For example, you will definitely want to filter on labels (including regexps)
while tailing, and such filtrering should support adjustable context (both #
of lines and time interval) and should support an optional time range to
scroll back into history ("tail from 2pm"). And of course, grepping of
historical entries.

Another thing I am not impressed with is pricing. Loggly seems the most
reasonable in terms of price per volume, except it limits the number of "team
members" to a ridiculous degree (5 users or something like that).

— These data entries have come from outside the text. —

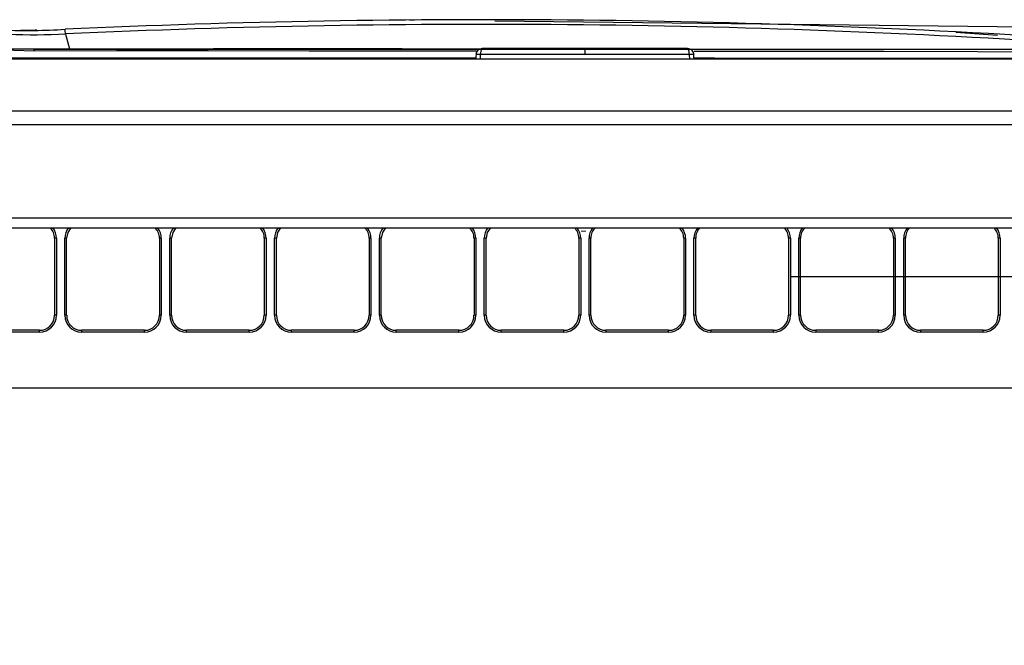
# Model space of a CAD drawing. Header units: millimetres. Extents: x 0 to 838, y 0 to 648.
# Tile 38 of 45: x 680 to 727, y 263 to 292. Entities that reach past the tile are written whole.
import ezdxf

# ---------------------------------------------------------------- set-up
doc = ezdxf.new("R2010")
doc.units = ezdxf.units.MM
doc.header["$LTSCALE"] = 3
doc.linetypes.add('CENTERX2', pattern=[20.32, 12.7, -2.54, 2.54, -2.54])
doc.layers.add('CENTER', color=40, linetype='CENTERX2')
doc.layers.add('DIMENSIONS', color=140, linetype='Continuous', lineweight=25)
doc.styles.add('SLDTEXTSTYLE0', font='TXT', dxfattribs={"width": 0.7})
doc.dimstyles.new('SLDDIMSTYLE0', dxfattribs={"dimtxt": 6.474023, "dimasz": 9.906, "dimexe": 0, "dimexo": 0.0625, "dimgap": 1.618506, "dimtad": 0, "dimtih": 1, "dimtoh": 1, "dimrnd": 1e-09, "dimzin": 12, "dimdsep": 46, "dimtxsty": 'SLDTEXTSTYLE0', "dimsah": 1, "dimcen": 0.09, "dimadec": 0, "dimazin": 3, "dimtfac": 1, "dimtofl": 0, "dimtmove": 0, "dimatfit": 3, "dimfxl": 0, "dimfrac": 2, "dimtolj": 1, "dimtzin": 12, "dimarcsym": 0})

# ---------------------------------------------------------------- blocks, each defined once
blk = doc.blocks.new('_D_15')
at = {"layer": 'DIMENSIONS'}
for p, q in [((702.757, 292.294), (801.118, 291.226)), ((791.594, 291.329), (790.864, 224.128)), ((781.117, 212.39), (778.943, 212.39)), ((778.943, 212.39), (778.943, 202.1)), ((800.355, 212.39), (802.529, 212.39)), ((802.529, 212.39), (802.529, 202.1)), ((778.943, 202.1), (781.117, 202.1)), ((802.529, 202.1), (800.355, 202.1)), ((789.879, 133.45), (790.609, 200.651)), ((744.456, 133.944), (799.403, 133.347))]:
    blk.add_line(p, q, dxfattribs=at)
for points in [[(791.594, 291.329), (789.962, 281.44), (793.01, 281.407)], [(789.879, 133.45), (791.51, 143.339), (788.462, 143.372)]]:
    blk.add_solid(points, dxfattribs=at)
at = {"layer": 'DIMENSIONS', "char_height": 6.35, "attachment_point": 1, "style": 'SLDTEXTSTYLE0'}
for s, insert in [('157.9', (778.424, 222.025)), ('6.22', (781.117, 210.286))]:
    blk.add_mtext(s, dxfattribs=dict(at, insert=insert))

msp = doc.modelspace()

# ---------------------------------------------------------------- linework, layer by layer
at = {"color": 179, "linetype": 'Continuous', "lineweight": 18}
for p, q in [((698.715, 292.338), (698.947, 292.336)), ((706.84, 282.33), (707.073, 282.328))]:
    msp.add_line(p, q, dxfattribs=at)
for p, q in [((726.586, 291.606), (724.599, 291.743)), ((682.398, 291.675), (682.585, 290.979)), ((680.921, 290.963), (679.127, 290.963)), ((680.921, 290.883), (680.921, 290.963)), ((680.921, 290.963), (733.122, 290.963)), ((707.021, 290.985), (707.021, 290.701)), ((737.956, 290.485), (676.086, 290.485)), ((702.066, 290.485), (702.08, 290.701)), ((707.021, 290.701), (702.08, 290.701)), ((711.962, 290.701), (707.021, 290.701)), ((711.962, 290.701), (711.976, 290.485)), ((676.052, 288.029), (737.99, 288.029)), ((676.041, 287.383), (738.002, 287.383)), ((675.958, 282.959), (738.084, 282.959)), ((675.942, 282.485), (738.1, 282.485)), ((681.885, 281.99), (681.885, 278.337)), ((681.971, 281.99), (681.971, 278.337)), ((682.371, 278.337), (682.371, 281.99)), ((682.457, 278.337), (682.457, 281.99)), ((686.855, 281.99), (686.855, 278.337)), ((686.941, 281.99), (686.941, 278.337)), ((687.341, 278.337), (687.341, 281.99)), ((687.427, 278.337), (687.427, 281.99)), ((691.825, 281.99), (691.825, 278.337)), ((691.911, 281.99), (691.911, 278.337)), ((692.311, 278.337), (692.311, 281.99)), ((692.397, 278.337), (692.397, 281.99)), ((696.795, 281.99), (696.795, 278.337)), ((696.881, 281.99), (696.881, 278.337)), ((697.281, 278.337), (697.281, 281.99)), ((697.367, 278.337), (697.367, 281.99)), ((701.765, 281.99), (701.765, 278.337)), ((701.851, 281.99), (701.851, 278.337)), ((702.251, 278.337), (702.251, 281.99)), ((702.337, 278.337), (702.337, 281.99)), ((706.735, 281.99), (706.735, 278.337)), ((706.821, 281.99), (706.821, 278.337)), ((707.221, 278.337), (707.221, 281.99)), ((707.307, 278.337), (707.307, 281.99)), ((711.705, 281.99), (711.705, 278.337)), ((711.791, 281.99), (711.791, 278.337)), ((712.191, 278.337), (712.191, 281.99)), ((712.277, 278.337), (712.277, 281.99)), ((716.675, 281.99), (716.675, 278.337)), ((716.761, 281.99), (716.761, 278.337)), ((717.161, 278.337), (717.161, 281.99)), ((717.247, 278.337), (717.247, 281.99)), ((721.645, 281.99), (721.645, 278.337)), ((721.731, 281.99), (721.731, 278.337)), ((722.131, 278.337), (722.131, 281.99)), ((722.217, 278.337), (722.217, 281.99)), ((726.615, 281.99), (726.615, 278.337)), ((726.701, 281.99), (726.701, 278.337)), ((681.171, 277.624), (678.201, 277.624)), ((681.171, 277.537), (678.201, 277.537)), ((681.171, 277.537), (681.171, 277.624)), ((686.141, 277.624), (683.171, 277.624)), ((683.171, 277.537), (683.171, 277.624)), ((686.141, 277.537), (683.171, 277.537)), ((686.141, 277.537), (686.141, 277.624)), ((691.111, 277.624), (688.141, 277.624)), ((688.141, 277.537), (688.141, 277.624)), ((691.111, 277.537), (688.141, 277.537)), ((691.111, 277.537), (691.111, 277.624)), ((696.081, 277.624), (693.111, 277.624)), ((693.111, 277.537), (693.111, 277.624)), ((696.081, 277.537), (693.111, 277.537)), ((696.081, 277.537), (696.081, 277.624)), ((701.051, 277.624), (698.081, 277.624)), ((698.081, 277.537), (698.081, 277.624)), ((701.051, 277.537), (698.081, 277.537)), ((701.051, 277.537), (701.051, 277.624)), ((706.021, 277.624), (703.051, 277.624)), ((703.051, 277.537), (703.051, 277.624)), ((706.021, 277.537), (703.051, 277.537)), ((706.021, 277.537), (706.021, 277.624)), ((710.991, 277.624), (708.021, 277.624)), ((708.021, 277.624), (708.021, 277.537)), ((710.991, 277.537), (708.021, 277.537)), ((710.991, 277.537), (710.991, 277.624)), ((715.961, 277.624), (712.991, 277.624)), ((712.991, 277.624), (712.991, 277.537)), ((715.961, 277.537), (712.991, 277.537)), ((715.961, 277.537), (715.961, 277.624)), ((720.931, 277.624), (717.961, 277.624)), ((717.961, 277.624), (717.961, 277.537)), ((720.931, 277.537), (717.961, 277.537)), ((720.931, 277.537), (720.931, 277.624)), ((725.901, 277.624), (722.931, 277.624)), ((722.931, 277.624), (722.931, 277.537)), ((725.901, 277.537), (722.931, 277.537)), ((725.901, 277.537), (725.901, 277.624)), ((675.718, 274.895), (738.324, 274.895))]:
    msp.add_line(p, q)
at = {"flags": 128}
for points in [[(681.047, 291.851), (680.967, 291.849), (680.619, 291.843), (680.435, 291.842), (680.387, 291.841), (680.361, 291.841), (680.354, 291.841), (680.351, 291.841), (680.351, 291.841), (680.351, 291.841), (680.351, 291.841), (680.351, 291.841), (680.351, 291.841), (680.351, 291.841), (680.351, 291.841), (680.351, 291.841), (680.351, 291.841), (680.351, 291.841), (680.351, 291.841), (680.351, 291.841), (680.351, 291.841), (680.352, 291.841), (680.392, 291.841), (680.394, 291.841), (680.395, 291.841), (680.395, 291.841), (680.395, 291.841), (680.395, 291.841), (680.395, 291.841), (680.395, 291.841), (680.395, 291.841), (680.395, 291.841), (680.395, 291.841), (680.395, 291.841), (680.395, 291.841), (680.395, 291.841), (680.395, 291.841), (680.391, 291.841), (680.385, 291.841), (680.33, 291.841), (680.27, 291.841)], [(679.127, 290.963), (679.957, 290.902), (680.921, 290.883)], [(680.524, 290.977), (689.42, 290.986), (698.361, 290.986), (707.322, 290.978), (716.283, 290.963)], [(680.921, 290.883), (684.82, 290.885), (689.166, 290.885), (693.959, 290.884), (699.199, 290.881), (701.881, 290.878)], [(707.021, 290.985), (704.568, 290.985), (702.15, 290.985)], [(711.892, 290.985), (709.474, 290.985), (707.021, 290.985)], [(712.193, 290.868), (716.291, 290.862), (721.189, 290.854), (725.626, 290.845), (729.603, 290.834), (733.122, 290.823)], [(701.849, 290.525), (700.886, 290.525), (688.621, 290.524), (676.418, 290.522)], [(701.86, 290.706), (701.853, 290.605), (701.846, 290.485)], [(701.861, 290.706), (701.854, 290.706), (701.86, 290.701)], [(712.182, 290.701), (712.191, 290.703), (712.189, 290.706), (712.175, 290.707), (712.148, 290.707), (712.09, 290.707), (712.036, 290.705), (711.962, 290.701)], [(712.197, 290.485), (712.19, 290.584), (712.182, 290.706)], [(737.624, 290.516), (725.426, 290.521), (713.17, 290.524), (712.193, 290.524)], [(682.66, 282.485), (682.513, 282.264), (682.457, 281.99)], [(687.63, 282.485), (687.483, 282.264), (687.427, 281.99)], [(692.6, 282.485), (692.453, 282.264), (692.397, 281.99)], [(697.57, 282.485), (697.423, 282.264), (697.367, 281.99)], [(702.54, 282.485), (702.393, 282.264), (702.337, 281.99)]]:
    msp.add_lwpolyline(points, dxfattribs=at)
for centre, radius, start, end in [((702.281, -141.042), 433.396, 86.13132, 92.63138), ((680.539, 323.041), 31.198, 268.0005, 273.3905), ((679.001, 291.573), 3.398, 1.7254, 5.4684), ((702.281, -141.097), 433.229, 86.13252, 92.63053), ((680.886, 324.903), 33.262, 267.9851, 272.6053), ((680.245, 293.899), 2.935, 253.7381, 275.4467), ((702.15, 290.685), 0.3, 90, 176.2929), ((702.43, 290.765), 0.356, 141.7872, 190.3472), ((711.892, 290.685), 0.3, 0, 90.0109), ((711.619, 290.767), 0.349, 349.1416, 38.7241), ((701.926, 288.959), 1.748, 84.9632, 92.135), ((681.238, 282.005), 0.647, 358.7095, 47.9195), ((681.249, 282.012), 0.723, 358.3087, 40.9399), ((683.093, 282.012), 0.722, 139.043, 181.6929), ((686.208, 282.005), 0.647, 358.7095, 47.9195), ((686.219, 282.012), 0.723, 358.3087, 40.9399), ((688.063, 282.012), 0.722, 139.043, 181.6929), ((691.178, 282.005), 0.647, 358.7095, 47.9195), ((691.189, 282.012), 0.723, 358.3087, 40.9399), ((693.033, 282.012), 0.722, 139.043, 181.6929), ((696.148, 282.005), 0.647, 358.7095, 47.9195), ((696.159, 282.012), 0.723, 358.3087, 40.9399), ((698.003, 282.012), 0.722, 139.043, 181.6929), ((701.118, 282.005), 0.647, 358.7095, 47.9195), ((701.129, 282.012), 0.723, 358.3087, 40.9399), ((702.973, 282.012), 0.722, 139.043, 181.6929), ((706.088, 282.005), 0.647, 358.7095, 47.9195), ((706.099, 282.012), 0.723, 358.3087, 40.9399), ((707.943, 282.012), 0.722, 139.043, 181.6929), ((707.918, 282.021), 0.612, 130.615, 182.8772), ((711.058, 282.005), 0.647, 358.7095, 47.9195), ((711.069, 282.012), 0.723, 358.3087, 40.9399), ((712.913, 282.012), 0.722, 139.043, 181.6929), ((712.888, 282.021), 0.612, 130.615, 182.8772), ((716.028, 282.005), 0.647, 358.7095, 47.9195), ((716.039, 282.012), 0.723, 358.3087, 40.9399), ((717.883, 282.012), 0.722, 139.043, 181.6929), ((717.858, 282.021), 0.612, 130.615, 182.8772), ((720.998, 282.005), 0.647, 358.7095, 47.9195), ((721.009, 282.012), 0.723, 358.3087, 40.9399), ((722.853, 282.012), 0.722, 139.043, 181.6929), ((722.828, 282.021), 0.612, 130.615, 182.8772), ((725.968, 282.005), 0.647, 358.7095, 47.9195), ((725.979, 282.012), 0.723, 358.3087, 40.9399), ((681.97, 265.448), 16.542, 89.9975, 90.2966), ((682.372, 265.448), 16.542, 89.7034, 90.0025), ((686.94, 265.448), 16.542, 89.9975, 90.2966), ((687.342, 265.448), 16.542, 89.7034, 90.0025), ((691.91, 265.448), 16.542, 89.9975, 90.2966), ((692.312, 265.448), 16.542, 89.7034, 90.0025), ((696.88, 265.448), 16.542, 89.9975, 90.2966), ((697.282, 265.448), 16.542, 89.7034, 90.0025), ((701.85, 265.448), 16.542, 89.9975, 90.2966), ((702.252, 265.448), 16.542, 89.7034, 90.0025), ((706.82, 265.448), 16.542, 89.9975, 90.2966), ((707.222, 265.448), 16.542, 89.7034, 90.0025), ((711.79, 265.448), 16.542, 89.9975, 90.2966), ((712.192, 265.448), 16.542, 89.7034, 90.0025), ((716.76, 265.448), 16.542, 89.9975, 90.2966), ((717.162, 265.448), 16.542, 89.7034, 90.0025), ((721.73, 265.448), 16.542, 89.9975, 90.2966), ((722.132, 265.448), 16.542, 89.7034, 90.0025), ((726.7, 265.448), 16.542, 89.9975, 90.2966), ((681.171, 278.337), 0.8, 270, 0), ((681.169, 278.339), 0.715, 270.1467, 359.8544), ((681.97, 261.795), 16.542, 89.9975, 90.2966), ((683.171, 278.337), 0.8, 180, 270), ((682.372, 261.795), 16.542, 89.7034, 90.0025), ((683.173, 278.339), 0.715, 180.1456, 269.8533), ((686.141, 278.337), 0.8, 270, 0), ((686.139, 278.339), 0.715, 270.1467, 359.8544), ((686.94, 261.795), 16.542, 89.9975, 90.2966), ((688.141, 278.337), 0.8, 180, 270), ((687.342, 261.795), 16.542, 89.7034, 90.0025), ((688.143, 278.339), 0.715, 180.1456, 269.8533), ((691.111, 278.337), 0.8, 270, 0), ((691.109, 278.339), 0.715, 270.1467, 359.8544), ((691.91, 261.795), 16.542, 89.9975, 90.2966), ((693.111, 278.337), 0.8, 180, 270), ((692.312, 261.795), 16.542, 89.7034, 90.0025), ((693.113, 278.339), 0.715, 180.1456, 269.8533), ((696.081, 278.337), 0.8, 270, 0), ((696.079, 278.339), 0.715, 270.1467, 359.8544), ((696.88, 261.795), 16.542, 89.9975, 90.2966), ((698.081, 278.337), 0.8, 180, 270), ((697.282, 261.795), 16.542, 89.7034, 90.0025), ((698.083, 278.339), 0.715, 180.1456, 269.8533), ((701.051, 278.337), 0.8, 270, 0), ((701.049, 278.339), 0.715, 270.1467, 359.8544), ((701.85, 261.795), 16.542, 89.9975, 90.2966), ((703.051, 278.337), 0.8, 180, 270), ((702.252, 261.795), 16.542, 89.7034, 90.0025), ((703.053, 278.339), 0.715, 180.1456, 269.8533), ((706.021, 278.337), 0.8, 270, 0), ((706.019, 278.339), 0.715, 270.1467, 359.8544), ((706.82, 261.795), 16.542, 89.9975, 90.2966), ((708.021, 278.337), 0.8, 180, 270), ((707.222, 261.795), 16.542, 89.7034, 90.0025), ((708.023, 278.339), 0.715, 180.1456, 269.8533), ((710.991, 278.337), 0.8, 270, 0), ((710.989, 278.339), 0.715, 270.1467, 359.8544), ((711.79, 261.795), 16.542, 89.9975, 90.2966), ((712.991, 278.337), 0.8, 180, 270), ((712.192, 261.795), 16.542, 89.7034, 90.0025), ((712.993, 278.339), 0.715, 180.1456, 269.8533), ((715.961, 278.337), 0.8, 270, 0), ((715.959, 278.339), 0.715, 270.1467, 359.8544), ((716.76, 261.795), 16.542, 89.9975, 90.2966), ((717.961, 278.337), 0.8, 180, 270), ((717.162, 261.795), 16.542, 89.7034, 90.0025), ((717.963, 278.339), 0.715, 180.1456, 269.8533), ((720.931, 278.337), 0.8, 270, 0), ((720.929, 278.339), 0.715, 270.1467, 359.8544), ((721.73, 261.795), 16.542, 89.9975, 90.2966), ((722.931, 278.337), 0.8, 180, 270), ((722.132, 261.795), 16.542, 89.7034, 90.0025), ((722.933, 278.339), 0.715, 180.1456, 269.8533), ((725.901, 278.337), 0.8, 270, 0), ((725.899, 278.339), 0.715, 270.1467, 359.8544), ((726.7, 261.795), 16.542, 89.9975, 90.2966)]:
    msp.add_arc(centre, radius, start, end)
at = {"layer": 'CENTER'}
msp.add_line((754.891, 280.161), (713.821, 280.161), dxfattribs=at)

# ---------------------------------------------------------------- dimensions: what is measured, and where the dimension line sits
at = {"layer": 'DIMENSIONS'}
dim = msp.add_linear_dim(base=(791.594, 291.329), p1=(740.647, 133.985), p2=(698.947, 292.336), angle=89.3776, dimstyle='SLDDIMSTYLE0', dxfattribs=at)
dim.commit()
dim.dimension.update_dxf_attribs({"geometry": '_D_15', "text_midpoint": (790.736, 212.39), "dimtype": 160})

doc.saveas('drawing.dxf')

I set up Graylog once and wasn't impressed with it. Its reliance on
Elasticsearch means it is quite static when it comes to the schema/input
format. You can't change the settings; there is no reindexing support (or at
least this was the case when I tried it, a year ago or so). Also, don't think
it has any CLI tools?

------
kozikow
I recently just plugged python logger from
[https://github.com/GoogleCloudPlatform/gcloud-
python#google-...](https://github.com/GoogleCloudPlatform/gcloud-
python#google-stackdriver-logging) into my python codebase. Configuration took
15 minutes, I have nice dashboard showing recent logs, I can log either
strings or jsons. I can analyze data later using BigQuery. It works from
docker containers.

I was contemplating trying out logstash or fluentd, but I don't see any major
advantage over current simple solution. Can anyone more knowledgable than me
help with explaining what I would get from logstash/fluentd?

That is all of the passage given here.